Putting Christ at the Center

The Christian year aims to put Jesus at the center of our calendars. The journey from Advent expectation to ascension, and then to Jesus’ sending of the Spirit, is one of the best ways to sanctify our own profoundly human orientation. The Jesus calendar competes with many other calendars for our allegiance: school calendars, sports calendars, the shopping mall calendar, and more. When well-celebrated, a life-of-Jesus calendar is generative for every ministry of the church—evangelism, faith formation, social witness, and more.

Following our annual journey from the anticipation of Jesus’ coming to the sending of the Spirit, starting with the Sunday after Pentecost, the Christian year invites us into a period of time where there is the most room for creativity, freedom, and improvisation.

This is true even for those who follow the Christian year very closely—those committed lectionary users who rarely deviate from its recommended Bible readings. On the Sundays after Pentecost, readings in the Revised Common Lectionary are selected not primarily because of the obvious ways they relate to each other, but because of the way that each type of reading (Old Testament, gospel, New Testament) unfolds a series of semi-continuous readings over time, exploring parts of the Bible not covered in the rest of the year. Theoretically, congregations could choose to focus one year on the unfolding series of Old Testament readings, one year on the New Testament ones, and one year on the gospels. If congregations did this for each of the three cycles of the lectionary, that would offer nine series of services that explore the depths of Scripture.

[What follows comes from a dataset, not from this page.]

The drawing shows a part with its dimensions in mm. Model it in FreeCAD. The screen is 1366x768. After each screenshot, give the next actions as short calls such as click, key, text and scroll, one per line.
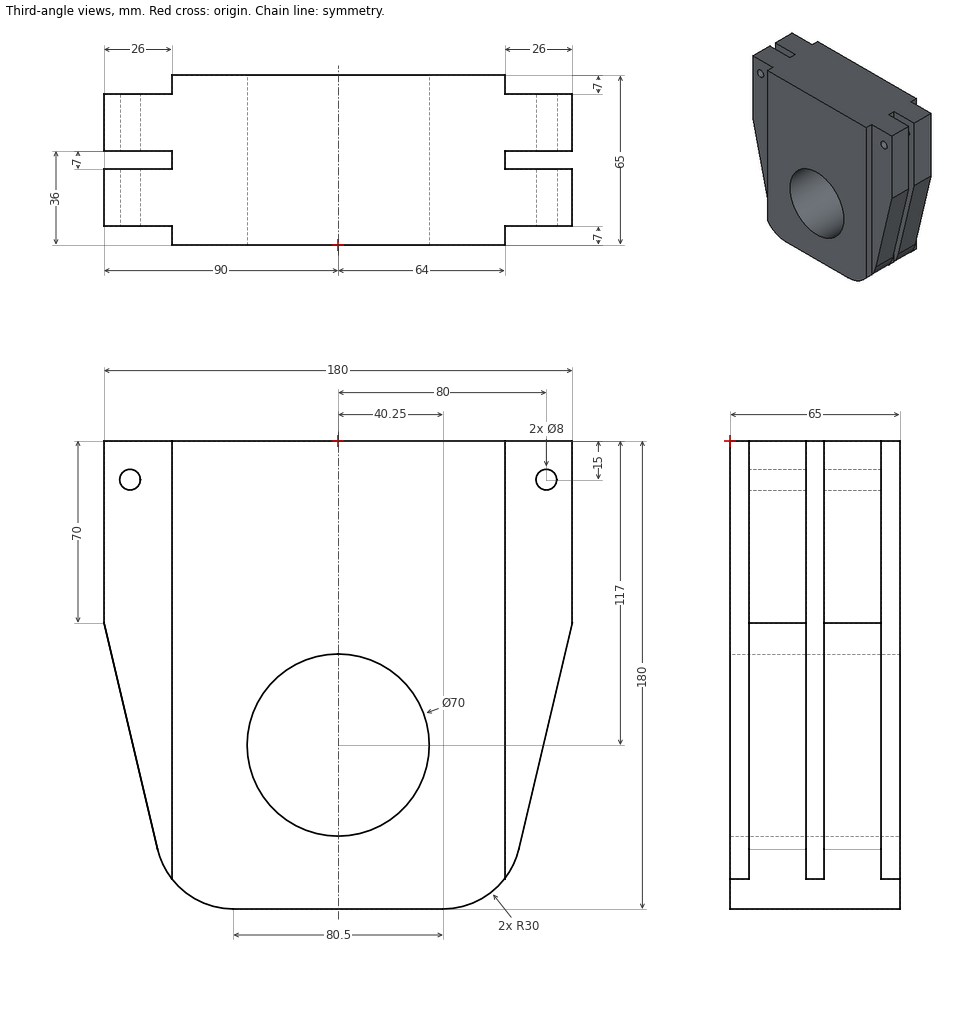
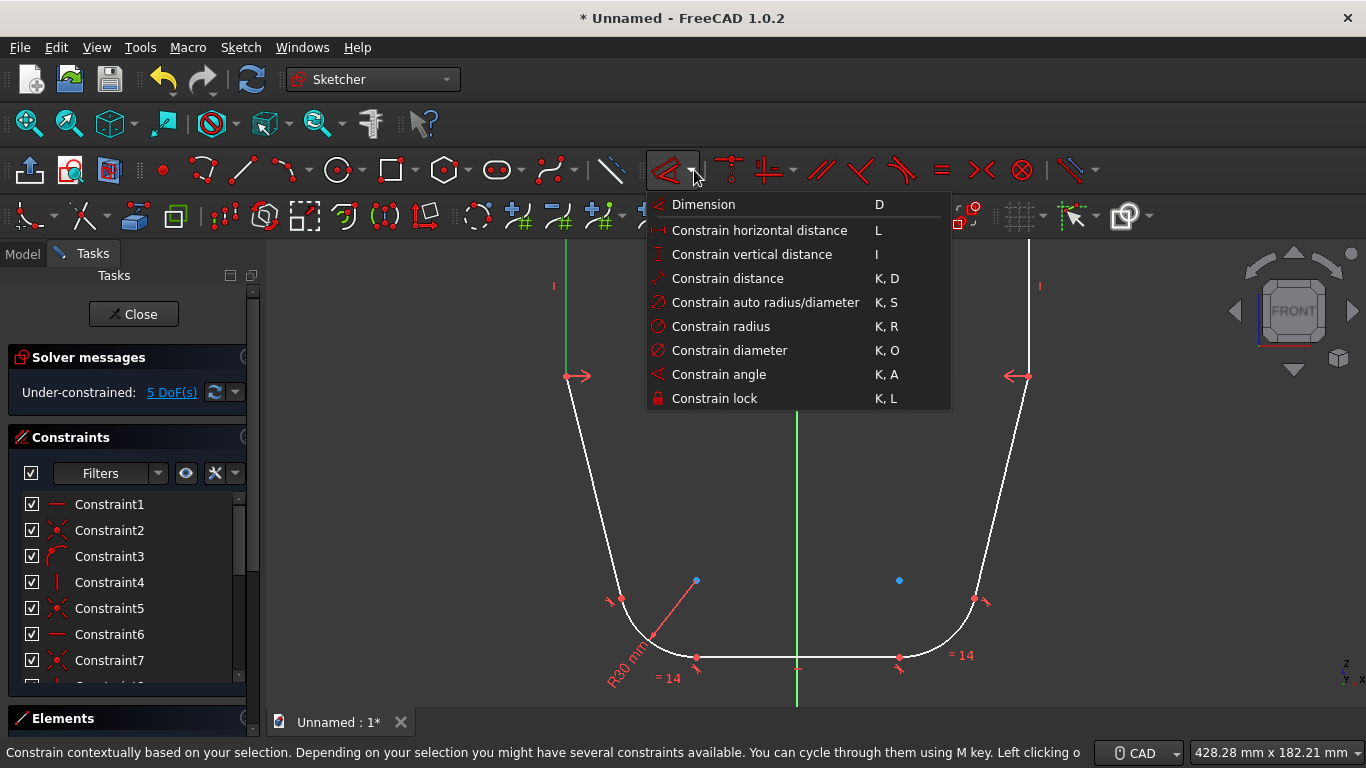
click(799, 254)

Many churches that are more “lectionary-informed” in effect embody the spirit of this approach—following the Christian year closely from Advent to Pentecost, then choosing one or more parts of Scripture to explore with particular focus from Pentecost to Advent. For example, a church might commit to explore one Old and one New Testament book each year, with a series of sermons and services on, say, Exodus in the summer and 1 Corinthians in the fall leading up to Advent.

My own view is that our choices about Bible readings should shape the way we name the season rather than the other way around—and we do have many options for names.

Bible Readings that Inform the Season’s Name

Ordinary Time or Season after Pentecost

Some churches refer to this as “ordinary time.” The term “ordinary” has had a fascinating journey. I often hear explanations that assert it’s about “how God’s grace comes to us in the routine and mundane experiences of everyday life.” That’s a beautiful explanation, but it has little to do with the original meaning!

The term originally had more to do with counting. “Ordinary” comes from the Latin word ordinalis (as in the ordinal form of numbers: first, second, third, etc.). When churches count the weeks after Pentecost (e.g., “the tenth Sunday after Pentecost”), they are marking time with ordinal numbers, organizing the weeks that unfold from Pentecost to Advent. Originally there was little sense of this as a coherent season like Advent, Christmastide, Lent, or Eastertide, which are intentional seasons of anticipation and extended celebration. It was simply the numbered series of Sundays after Pentecost. The numbering system helped churches organize readings and music long before the Internet and computer filing systems.

For churches that use the term “season after Pentecost,” I suggest giving a subtitle each summer that points to the Scripture readings on which you’ll focus. A lectionary church that chooses to follow this year’s (year B) lectionary readings, for example, might add a subtitle like A Summer with Samuel, since this year the lectionary leads us through 1 and 2 Samuel.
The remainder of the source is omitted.